My knowledge of psychology had never helped when it came to raising my own daughter. Only my grandmother's sage advice had guided me through the minefields of motherhood. But she was gone -- dying only weeks after my mother had moved her to San Francisco. I had fought to keep her in her own home, suggesting we hire nurses to help her navigate the maze of senility that was confusing her mind, but my mother and her second husband had moved her out west to be near them.
It had killed the little that was left of my grandmother to be away from her gardens, her beach, and her chintz-covered couches. How could she have been comfortable in a house that was a stark reflection of the Oriental culture my mother had embraced since moving out to California?
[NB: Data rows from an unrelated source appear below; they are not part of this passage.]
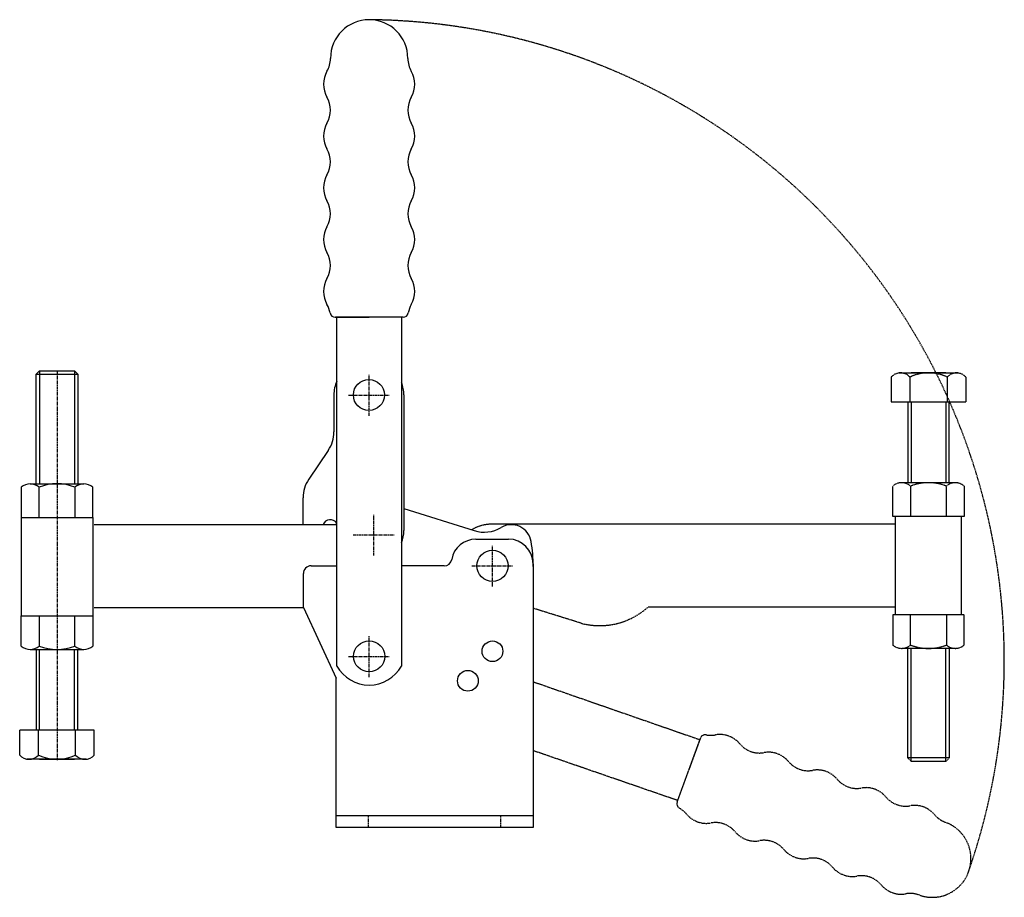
# Model space of a CAD drawing. Extents: x 295 to 675, y 63 to 402.
import ezdxf

# ---------------------------------------------------------------- set-up
doc = ezdxf.new("R2010")
doc.units = 0
doc.linetypes.add('CENTER', pattern=[2, 1.25, -0.25, 0.25, -0.25])
doc.linetypes.add('HIDDEN', pattern=[0.375, 0.25, -0.125])
doc.layers.get('0').update_dxf_attribs({"linetype": 'CONTINUOUS'})
doc.layers.add('BRAUER-1', color=1, linetype='CENTER')
doc.layers.add('BRAUER-5', color=4, linetype='HIDDEN')

# ---------------------------------------------------------------- blocks, each defined once
blk = doc.blocks.new('V5502CS_SP')
for p, q in [((-8, 55.3), (-6.7, 56.6)), ((-8, 13), (-8, 55.3)), ((-8, 55.3), (8, 55.3)), ((-6.7, 56.6), (6.7, 56.6)), ((-6.7, 56.6), (-6.7, 13)), ((6.7, 56.6), (8, 55.3)), ((6.7, 56.6), (6.7, 13)), ((8, 55.3), (8, 13)), ((-13.8, 11.679297), (-13.8, 0)), ((-10.35, 13), (10.35, 13)), ((-6.9, 0), (-6.9, 11.679297)), ((6.9, 11.679297), (6.9, 0)), ((13.8, 0), (13.8, 11.679297)), ((-13.8, 0), (13.8, 0)), ((-13.8, 0), (-13.8, -38)), ((-12.7, 0), (12.7, 0)), ((13.8, 0), (13.8, -38)), ((-13.8, -49.679297), (-13.8, -38)), ((-13.8, -38), (13.8, -38)), ((-12.7, -38), (12.7, -38)), ((-6.9, -38), (-6.9, -49.679297)), ((6.9, -49.679297), (6.9, -38)), ((13.8, -38), (13.8, -49.679297)), ((-10.35, -51), (10.35, -51)), ((-8, -51), (-8, -82.2)), ((-6.7, -82.2), (-6.7, -51)), ((6.7, -82.2), (6.7, -51)), ((8, -82.2), (8, -51)), ((-14.4, -91.8), (-14.4, -82.2)), ((14.4, -82.2), (-14.4, -82.2)), ((-7.2, -91.8), (-7.2, -82.2)), ((7.2, -91.8), (7.2, -82.2)), ((14.4, -91.8), (14.4, -82.2)), ((11.2, -93.4), (-11.600001, -93.4)), ((-6.7, -93.4), (6.7, -93.4))]:
    blk.add_line(p, q)
for centre, radius, start, end in [((-10.35, 7.717188), 5.253647, 48.952337, 131.047666), ((0, -5.709961), 18.708188, 68.356986, 111.643014), ((10.35, 7.717188), 5.253647, 48.952337, 131.047666), ((-10.35, -45.717187), 5.253648, 228.952341, 311.047663), ((0, -32.290039), 18.708188, 248.356986, 291.643014), ((10.35, -45.717188), 5.253647, 228.952334, 311.047663), ((-10.8, -88.55), 4.85, 222.075022, 317.924978), ((0, -76.4), 17, 244.942385, 295.057615), ((10.8, -88.55), 4.85, 222.075022, 317.924978)]:
    blk.add_arc(centre, radius, start, end)
at = {"layer": 'BRAUER-1'}
blk.add_line((0, 56.6), (0, -93.754501), dxfattribs=at)

msp = doc.modelspace()

# ---------------------------------------------------------------- linework, layer by layer
for p, q in [((417.099984, 287.067849), (430.199982, 287.067847)), ((443.199988, 287.067847), (417.199976, 287.067847)), ((417.7, 152.404498), (417.699982, 287.067847)), ((443.29998, 287.067849), (430.199982, 287.067847)), ((442.699982, 287.067847), (442.7, 152.404498)), ((416.6, 257.07), (416.6, 242.8)), ((443.6, 257.07), (443.6, 204.699998)), ((414.426414, 235.694747), (406.873586, 224.505253)), ((404.7, 207), (404.7, 217.4)), ((443.602116, 213.254458), (470.783218, 204.687107)), ((324.1, 207), (417.7, 207)), ((471.4, 201.4), (484, 201.4)), ((407.8, 191.1), (417.7, 191.1)), ((459.095123, 191.1), (442.7, 191.1)), ((493.5, 191.9), (493.5, 90)), ((404.8, 175), (404.8, 188.1)), ((324.1, 175), (404.8, 175)), ((404.8, 175), (417.5, 147.764763)), ((417.5, 90), (417.5, 147.764763)), ((417.5, 94.7), (493.5, 94.7)), ((493.5, 90), (417.5, 90))]:
    msp.add_line(p, q)
for centre, radius in [((430.1, 257.07), 6), ((477.8, 191.1), 6), ((430.2, 156.15), 6), ((477.8, 158.1), 4), ((468.3, 146.7), 4)]:
    msp.add_circle(centre, radius)
for centre, radius, start, end in [((430.2, 387.06785), 14.93215, 0, 179.999996), ((405.26785, 387.067852), 10, 329.999982, 359.999995), ((455.132145, 387.067849), 10, 179.99998, 210), ((422.588355, 377.067847), 10, 149.999984, 209.999985), ((437.811637, 377.067849), 10, 330.00001, 30), ((405.267845, 367.067852), 10, 329.999979, 29.999995), ((455.13215, 367.067849), 10, 149.999995, 210), ((422.58835, 357.067847), 10, 149.999987, 209.999985), ((437.811642, 357.067849), 10, 330.00001, 30), ((405.267839, 347.067852), 10, 329.999982, 29.999995), ((455.13215, 347.067849), 10.000009, 149.99998, 209.999971), ((422.588345, 337.067847), 10, 149.999987, 209.999985), ((437.811632, 337.067849), 10, 330.00001, 30), ((405.267834, 327.067852), 10, 329.999982, 29.999995), ((455.13214, 327.067849), 10, 149.99998, 210), ((422.58834, 317.067847), 10, 149.999987, 209.999985), ((437.811632, 317.067849), 10, 330.00001, 30), ((405.267829, 307.067852), 10, 329.999982, 29.999995), ((455.13214, 307.067849), 10, 149.99998, 210), ((422.588335, 297.067847), 10, 149.999987, 209.999985), ((437.811632, 297.067849), 10, 330.00001, 30), ((405.267824, 287.067852), 10, 9.594053, 29.999995), ((455.13214, 287.067849), 10, 149.99999, 170.405936), ((417.099984, 289.067849), 2, 189.594056, 270), ((443.29998, 289.067849), 2, 270, 350.405932), ((430.200018, 257.05), 13.600033, 156.799659, 179.915742), ((430.1, 257.07), 13.5, 0, 21.039468), ((403.9, 242.8), 12.7, 325.980936, 0), ((417.4, 217.4), 12.7, 145.980937, 180), ((415.2, 205.9), 3, 33.55731, 158.489811), ((416.367283, 209.3), 2.3, 270, 305.411321), ((474.6, 216.8), 12.7, 252.51032, 300.770511), ((485.084975, 199.268443), 7.727746, 9.162567, 121.065435), ((430.9, 204.7), 12.7, 338.300199, 359.999991), ((471.4, 191.9), 9.5, 90, 169.863143), ((484, 191.9), 9.5, 0, 90), ((443.50435, 191.644676), 50, 359.084781, 10.200078), ((407.8, 188.1), 3, 90, 180), ((459.095123, 194.1), 3, 270, 349.863143), ((430.2, 159.35), 14.3, 209.058309, 330.941692)]:
    msp.add_arc(centre, radius, start, end)
at = {"layer": 'BRAUER-1'}
for p, q in [((430.200018, 249.05), (430.200018, 265.05)), ((422.200018, 257.05), (438.200018, 257.05)), ((432.050018, 195.05), (432.050018, 211.05)), ((424.050018, 203.05), (440.050018, 203.05)), ((477.8, 183.1), (477.8, 199.1)), ((477.8, 183.1), (477.8, 199.1)), ((469.8, 191.1), (485.8, 191.1)), ((469.8, 191.1), (485.8, 191.1)), ((430.2, 148.15), (430.2, 164.15)), ((422.2, 156.15), (438.2, 156.15)), ((430, 90), (430, 94.7)), ((481, 90), (481, 94.7))]:
    msp.add_line(p, q, dxfattribs=at)
at = {"layer": 'BRAUER-5'}
for p, q in [((631.7, 264), (631.7, 254.4)), ((634.9, 265.6), (657.700001, 265.6)), ((638.9, 264), (638.9, 254.4)), ((652.8, 265.6), (639.4, 265.6)), ((653.3, 264), (653.3, 254.4)), ((660.5, 264), (660.5, 254.4)), ((631.7, 254.4), (660.5, 254.4)), ((638.1, 254.4), (638.1, 223.2)), ((639.4, 254.4), (639.4, 223.2)), ((652.8, 254.4), (652.8, 223.2)), ((654.1, 223.2), (654.1, 254.4)), ((632.3, 210.2), (632.3, 221.879297)), ((656.45, 223.2), (635.75, 223.2)), ((639.2, 221.879297), (639.2, 210.2)), ((653, 210.2), (653, 221.879297)), ((659.9, 221.879297), (659.9, 210.2)), ((659.9, 210.2), (632.3, 210.2)), ((633.4, 172.2), (633.4, 210.2)), ((658.8, 172.2), (658.8, 210.2)), ((633.4, 207.2), (477.8, 207.2)), ((633.4, 175.2), (537.9, 175.2)), ((511.997884, 168.945542), (493.5, 174.712946)), ((632.3, 172.2), (632.3, 160.520703)), ((659.9, 172.2), (632.3, 172.2)), ((639.2, 160.520703), (639.2, 172.2)), ((653, 172.2), (653, 160.520703)), ((659.9, 160.520703), (659.9, 172.2)), ((656.45, 159.2), (635.75, 159.2)), ((638.1, 116.9), (638.1, 159.2)), ((639.4, 115.6), (639.4, 159.2)), ((652.8, 115.6), (652.8, 159.2)), ((654.1, 159.2), (654.1, 116.9)), ((493.5, 146.340112), (557.840022, 123.976544)), ((549.118507, 100.014376), (558.011034, 124.446396)), ((558.045236, 124.540357), (553.56477, 112.230386)), ((549.289519, 100.484228), (493.5, 119.735668)), ((639.4, 115.6), (638.1, 116.9)), ((654.1, 116.9), (638.1, 116.9)), ((652.8, 115.6), (639.4, 115.6)), ((654.1, 116.9), (652.8, 115.6)), ((549.084309, 99.920414), (553.56477, 112.230386))]:
    msp.add_line(p, q, dxfattribs=at)
for centre, radius, start, end in [((427.842042, 154.485434), 247.507794, 340.548789, 89.240629), ((635.3, 260.75), 4.85, 42.075022, 137.924978), ((646.1, 248.6), 17, 64.942385, 115.057615), ((656.9, 260.75), 4.85, 42.075022, 137.924978), ((635.75, 217.917188), 5.253647, 48.952334, 131.047663), ((646.1, 204.490039), 18.708188, 68.356986, 111.643014), ((656.45, 217.917187), 5.253648, 48.952341, 131.047663), ((477.8, 191.1), 16.1, 90, 120.139055), ((519.164443, 196.028604), 28.015207, 255.178436, 311.971726), ((635.75, 164.482812), 5.253647, 228.952337, 311.047666), ((646.1, 177.909961), 18.708188, 248.356986, 291.643014), ((656.45, 164.482812), 5.253647, 228.952337, 311.047666), ((559.924621, 123.856316), 2, 79.594056, 160), ((562.092075, 135.658949), 10, 259.594053, 279.999995), ((565.565033, 115.962793), 10, 39.999987, 99.999985), ((580.885926, 128.818542), 10, 219.999982, 279.999995), ((584.358884, 109.122385), 10, 39.999987, 99.999985), ((599.679777, 121.978134), 10, 219.999982, 279.999995), ((603.152735, 102.281978), 10, 39.999987, 99.999985), ((618.473628, 115.137726), 10, 219.999982, 279.999995), ((621.946585, 95.44157), 10, 39.999987, 99.999985), ((550.963694, 99.236374), 2, 160, 240.405932), ((637.267478, 108.297318), 10, 219.999979, 279.999995), ((545.037472, 88.80182), 10, 39.99999, 60.405936), ((560.358361, 101.657572), 10, 220.00001, 280), ((640.740436, 88.601163), 10, 39.999984, 99.999985), ((656.061329, 101.45691), 10, 219.999982, 249.999995), ((563.831324, 81.961417), 10, 39.99998, 100), ((647.534029, 78.028354), 14.93215, 250, 69.999996), ((579.152213, 94.81717), 10, 220.00001, 280), ((582.625177, 75.121015), 10, 39.99998, 100), ((597.946066, 87.976767), 10, 220.00001, 280), ((601.419026, 68.280602), 10.000009, 39.99998, 99.999971), ((616.739915, 81.136354), 10, 220.00001, 280), ((620.212878, 61.4402), 10, 39.999995, 100), ((635.533769, 74.295956), 10, 220.00001, 280), ((639.006732, 54.599801), 10, 69.99998, 100)]:
    msp.add_arc(centre, radius, start, end, dxfattribs=at)

# ---------------------------------------------------------------- block references
msp.add_blockref('V5502CS_SP', (309.716943, 209.791565))

doc.saveas('drawing.dxf')

Lilly poured herself more tea and rearranged her legs beneath her. She was restless in the one place I never was. When snow covered the ground and dusted the evergreens that sheltered the house from the winter winds coming off the sound, I found solace there. Lighting fires in the great stone fireplace, making spiced cider, and reading mysteries was as satisfying an escape as basking in the summer sun on the small private beach or getting dirty working in the extensive English cottage gardens.
In the winter, the house smelled of pine and burning wood. In the spring the scent of lilacs filled every room until the roses took over in June. It was a house for all seasons. But Lilly, who was a junior in a private high school in New York City, had not been here for months. When Cooper was in the city, she stayed there to be with him, and on the weekends Cooper remained at school, Lilly preferred to be with her father and work with him in his darkroom.
That late March weekend, since it was my birthday, Lilly had acquiesced to come to Connecticut with me.
As a child of separated parents, Lilly's life had been less complicated than most, since her father and I still lived under the same roof, just on different floors. Robert and I owned a brownstone in Greenwich Village on West Ninth Street, and when we split up, he just moved upstairs to his studio, while Lilly and I continued living on the second floor. The office where I practice psychotherapy occupies the first floor.
Even though Robert and I had been apart for five years, neither of us had remarried, so Lilly had not yet felt the full tragedy the dissolution of a union can cause a child. Where he and I slept had less of an effect on her than a divorce would have. At least that was what I hoped.
It had taken years for our separation to cease having an effect on me, but I was over it finally. Cured, healed, and pain free, I had finally called a divorce lawyer to schedule a meeting and begin proceedings.